Friday, January 19, 2007

U.S. drone attack? It was us, says Pakistan army

1 hour, 51 minutes ago

Defending its credibility, Pakistan's military on Friday rebutted claims that a U.S. Predator drone aircraft carried out the initial attack on a suspected Al Qaeda hideout earlier this week.

On Tuesday, its spokesman said army helicopter gunships struck a cluster of compounds where up to 30 Taliban and al Qaeda fighters were based in South Waziristan, a rugged tribal area where support for the Afghan insurgency runs deep.

Not true, according to villagers at Salamat Ghundi.

They said a U.S. drone's missiles destroyed the compounds, and Pakistan helicopter gunships mopped up by firing rockets.

"This is wrong. We have already denied it. This is usual that such things are said on such occasions but these are wrong," Pakistan's military spokesman Shaukat Sultan said in response.
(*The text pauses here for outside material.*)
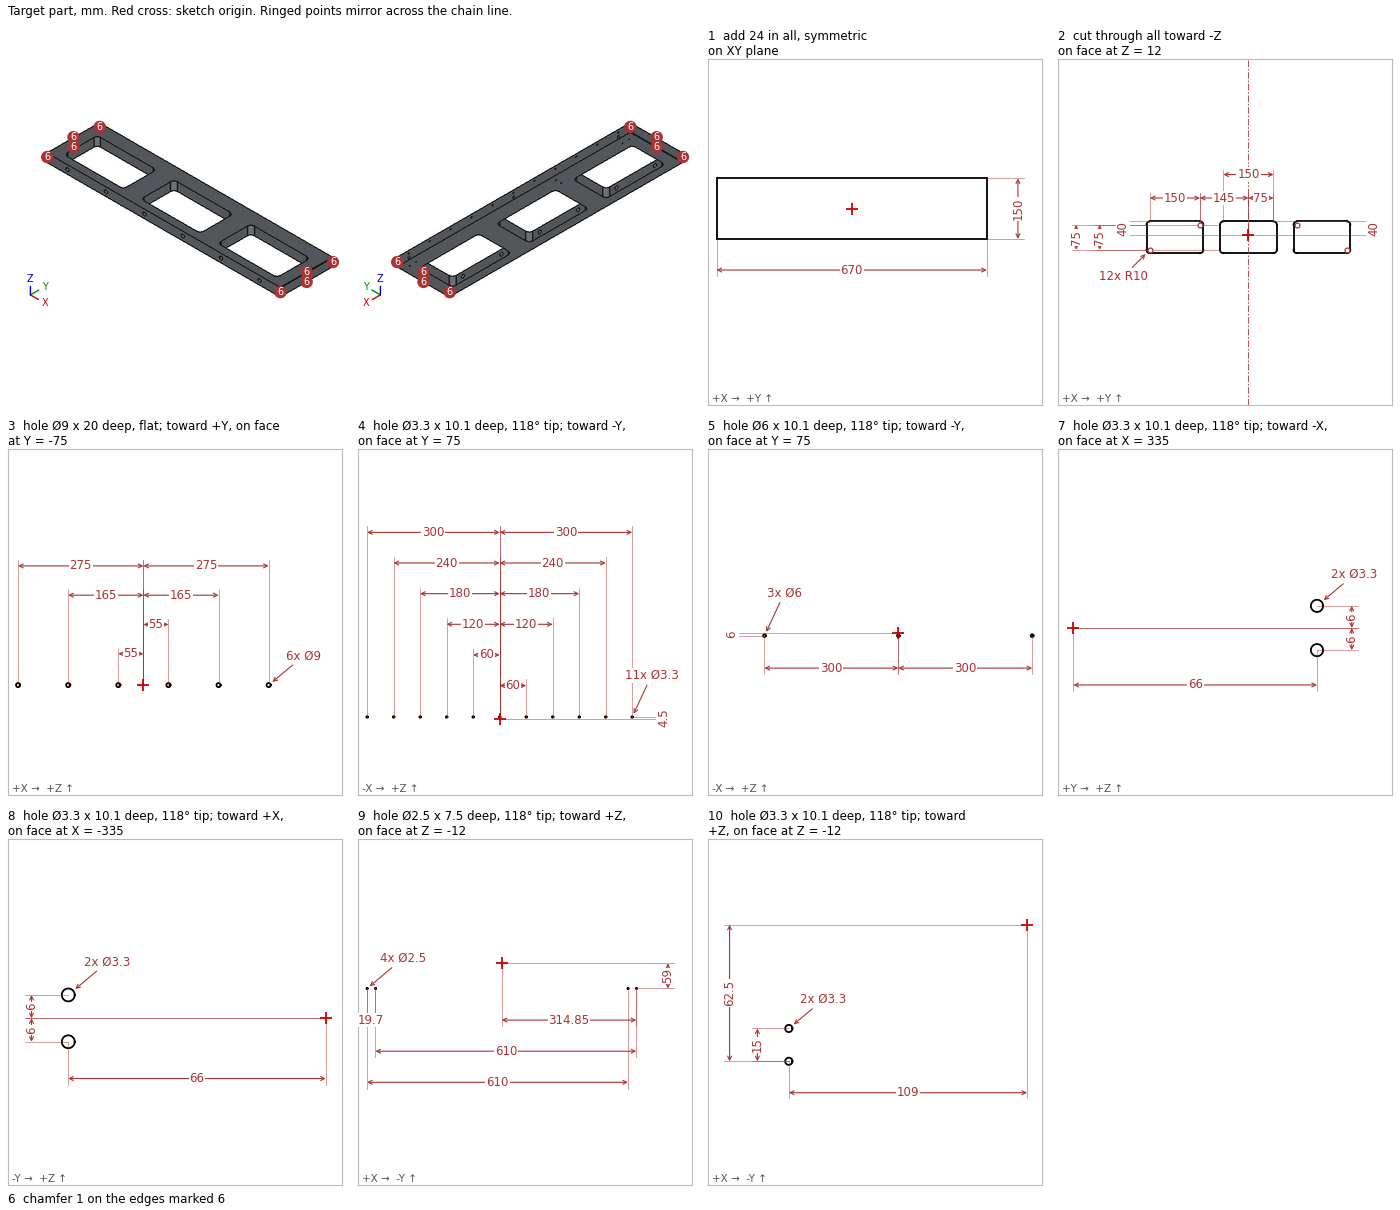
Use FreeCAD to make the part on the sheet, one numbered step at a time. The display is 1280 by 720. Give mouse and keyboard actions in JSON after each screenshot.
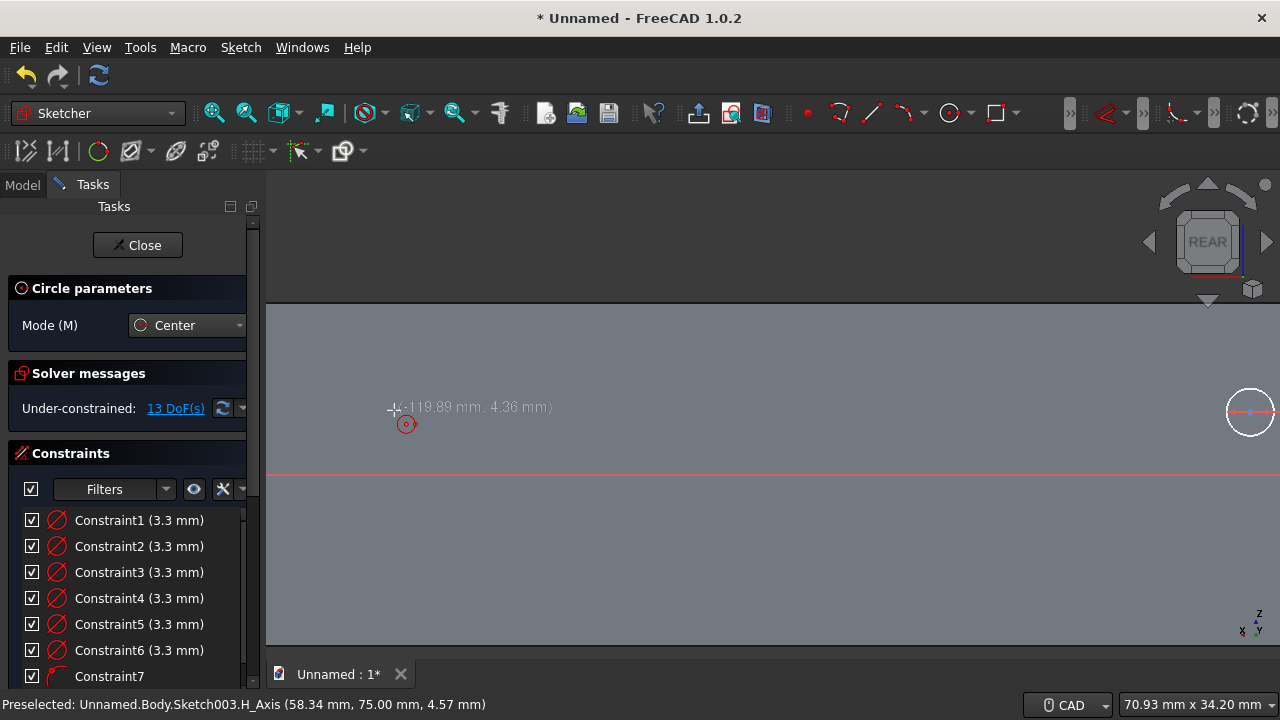
{"action": "scroll", "coordinate": [614, 413], "scroll_direction": "down", "scroll_amount": 14}

Though Pakistani intelligence officials, speaking anonymously, reckon that up to 20 militants were eliminated, there were no troops on the ground to see who had been killed.

Villagers said they found just eight bodies -- all belonging to men from a team of wood-cutters, who made a living selling charcoal to surrounding towns.

"No foreigner or Afghan was killed in this attack. Only labourers from Mehsud and Salmanzai tribes were killed," said Awaz Khan, whose son and nephew were among the dead.

UNRELIABLE WITNESSES?

To back their story, the villagers dragged an unexploded missile in front of the journalists, who reached the village in the Zamzola area of the Shak Toi mountains on Thursday.

Getting watertight independent corroboration of anything that happens in Pakistan's tribal badlands is, however, a tall order.

The journalists had only reached the spot with an escort from armed militants, and there was no way of knowing whether the militants had told people what to say.

"This attack was basically carried out with five missiles fired by a Predator. The helicopters came in later and attacked," Jalindar Khan Kikari, a villager, told the visiting journalists.

"The missiles were fired from a distant place, maybe from a spy plane, but I did not see that," said another called Bashir, who went on to describe how the Pakistani helicopters arrived minutes later and blasted the place with rockets.

Another villager, Mohammad Ali, told Reuters on the day of the attack that he had seen a drone circling overhead, while a Reuters journalist saw helicopter gunships take off from the army base at Miranshah before the attack and return soon after.

That villagers should know a Predator when they see one is hardly surprising. The spy planes have become a common sight in recent years as U.S. forces kept up aerial surveillance of a border area Osama bin Laden was believed to have passed through.

The missile proudly displayed, however, appeared rather old.

Just under two meters (about five feet) long, and marked MFP AMF YORK 0873, its casing looked far more weathered than the U.S. missile fragments found after past attacks in Waziristan.

SOVEREIGNTY

Under mounting pressure to confront Taliban in Pakistan, President Pervez Musharraf constantly risks a backlash over his alliance with the United States.

He has said no violation of territorial sovereignty by forces operating in Afghanistan will be permitted.

But over the past year, people in the tribal areas have challenged the official version of similar attacks in their lands, saying the United States was involved. Verifying the circumstances of such incidents is extremely difficult.

Militants have chased almost all journalists out of South Waziristan, along with anyone they think is pro-government.

Journalists also fear Pakistan's security agencies, particularly after the execution-style killing of a colleague, Hayatullah Khan, whose body was found last year.

Khan had disappeared after he reported the death of a al Qaeda member, Abu Hamza Rabia, in Waziristan in December, 2005.

Pakistan's military said Rabia died when explosives housed in the building he was staying in blew up. The dead journalist, Hayatullah Khan, however, had shown U.S. missile fragments to photographers at the attack site.